Más no pudo saber Fernando de su destino, sólo que al ser considerado paciente psiquiátrico se había salvado de las reprimendas del sistema del bienestar y había sido referido al servicio psiquiátrico regional. Pero él dudaba de que esto salvaría a Rafiri. Fernando había hecho uso del servicio y no podía imaginar que una entrevista de media hora cada tres semanas con alguna psicóloga en último año de carrera podría hacer mucho por él. Tal vez lo atiborrarían de pastillas, quién sabe. También lo habían hecho con él y de algo había servido, hasta que el psiquiatra se había equivocado y le había recetado algo que había hecho que su mente pareciera una jaula de pájaros asustados, los pensamientos saltando de columpio en columpio, sin detenerse en ninguna parte. De lo que estaba seguro es de que no le volvería a ver, como él no volvería a ver a sus hijos tal vez.

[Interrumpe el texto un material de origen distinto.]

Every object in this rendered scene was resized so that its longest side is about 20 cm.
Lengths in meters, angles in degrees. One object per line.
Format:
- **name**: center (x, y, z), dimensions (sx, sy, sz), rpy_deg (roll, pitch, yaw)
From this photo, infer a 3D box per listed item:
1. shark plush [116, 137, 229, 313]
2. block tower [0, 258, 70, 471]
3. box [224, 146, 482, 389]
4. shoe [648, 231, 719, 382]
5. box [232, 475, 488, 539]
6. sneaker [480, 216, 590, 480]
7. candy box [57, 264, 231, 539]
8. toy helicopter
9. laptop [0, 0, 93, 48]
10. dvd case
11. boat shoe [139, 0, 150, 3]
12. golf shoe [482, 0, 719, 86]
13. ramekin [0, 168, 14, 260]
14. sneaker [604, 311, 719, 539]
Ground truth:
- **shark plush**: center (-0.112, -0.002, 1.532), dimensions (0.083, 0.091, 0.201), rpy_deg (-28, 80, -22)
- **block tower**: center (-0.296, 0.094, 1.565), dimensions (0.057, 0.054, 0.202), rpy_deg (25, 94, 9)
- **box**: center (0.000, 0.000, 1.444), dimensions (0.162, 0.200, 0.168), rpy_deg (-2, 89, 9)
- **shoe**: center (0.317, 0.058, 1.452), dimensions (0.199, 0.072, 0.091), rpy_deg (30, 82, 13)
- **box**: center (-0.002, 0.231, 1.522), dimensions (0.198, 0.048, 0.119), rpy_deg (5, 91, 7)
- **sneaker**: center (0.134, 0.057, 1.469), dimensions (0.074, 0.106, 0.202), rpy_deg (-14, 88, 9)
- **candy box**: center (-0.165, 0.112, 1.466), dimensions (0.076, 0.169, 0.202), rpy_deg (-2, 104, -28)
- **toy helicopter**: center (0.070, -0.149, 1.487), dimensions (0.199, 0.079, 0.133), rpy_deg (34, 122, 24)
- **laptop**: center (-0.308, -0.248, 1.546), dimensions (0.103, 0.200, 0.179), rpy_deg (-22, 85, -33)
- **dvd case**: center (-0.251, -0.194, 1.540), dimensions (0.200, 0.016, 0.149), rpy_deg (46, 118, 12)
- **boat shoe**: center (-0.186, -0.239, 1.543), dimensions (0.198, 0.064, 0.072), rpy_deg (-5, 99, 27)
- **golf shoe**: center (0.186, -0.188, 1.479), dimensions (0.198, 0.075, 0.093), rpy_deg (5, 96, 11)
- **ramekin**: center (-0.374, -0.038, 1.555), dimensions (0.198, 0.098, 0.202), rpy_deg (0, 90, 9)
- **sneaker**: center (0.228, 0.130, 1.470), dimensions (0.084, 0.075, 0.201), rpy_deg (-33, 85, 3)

 Fernando se embarca en el trabajo mecánico de rellenar formularios atrasados hasta que llega la hora de salida. A veces podía hacerlo, sumergirse en actividades repetitivas hasta alcanzar un estado no distinto, había pensado, al trance. Un trance secular, mediocre, para pasar las horas y olvidar. Llegaron así las cinco y media y ya era de noche en el otoño. La lluvia continuaba, menuda e incesante, como una obsesión menor en la trastienda de la mente, de las que asaltaban a Fernando todos los días.

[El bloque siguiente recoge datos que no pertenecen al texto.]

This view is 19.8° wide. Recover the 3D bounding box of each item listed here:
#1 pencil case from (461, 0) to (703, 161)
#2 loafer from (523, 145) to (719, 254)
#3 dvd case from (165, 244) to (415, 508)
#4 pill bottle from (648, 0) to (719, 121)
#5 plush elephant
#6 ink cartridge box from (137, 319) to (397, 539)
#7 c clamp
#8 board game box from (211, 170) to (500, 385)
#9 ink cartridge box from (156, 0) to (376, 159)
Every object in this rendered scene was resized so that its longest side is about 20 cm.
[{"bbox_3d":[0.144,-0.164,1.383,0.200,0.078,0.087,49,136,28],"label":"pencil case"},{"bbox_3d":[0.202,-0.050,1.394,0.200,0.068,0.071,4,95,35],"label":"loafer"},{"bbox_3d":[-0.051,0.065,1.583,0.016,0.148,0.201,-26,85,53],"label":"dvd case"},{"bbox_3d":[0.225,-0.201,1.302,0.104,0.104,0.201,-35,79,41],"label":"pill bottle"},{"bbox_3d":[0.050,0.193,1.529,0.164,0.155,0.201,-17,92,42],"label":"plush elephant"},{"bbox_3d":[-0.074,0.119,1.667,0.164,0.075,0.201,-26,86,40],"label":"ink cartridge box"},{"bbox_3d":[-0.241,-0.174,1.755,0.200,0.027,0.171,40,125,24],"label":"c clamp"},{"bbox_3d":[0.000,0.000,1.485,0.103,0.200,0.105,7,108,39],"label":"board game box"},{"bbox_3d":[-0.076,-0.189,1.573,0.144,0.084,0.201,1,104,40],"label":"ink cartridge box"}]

Dadas las circunstancias del cliente y en coordinación con su persona de contacto en el Servicio Social, se cierra con este reportaje el plan de reintegración al trabajo del señor Rafiri antes de los términos estipulados en el contrato y se devuelve el cliente al contratante.

 

Había pescado congelado en la nevera y hoy daban Horizon en la BBC. Sería una noche tranquila, como siempre. Tal vez llamaría a su hija por teléfono, para escuchar su voz de princesa. Fernando se alegró por esto y montó en su bicicleta bajo la lluvia rumbo a su casa.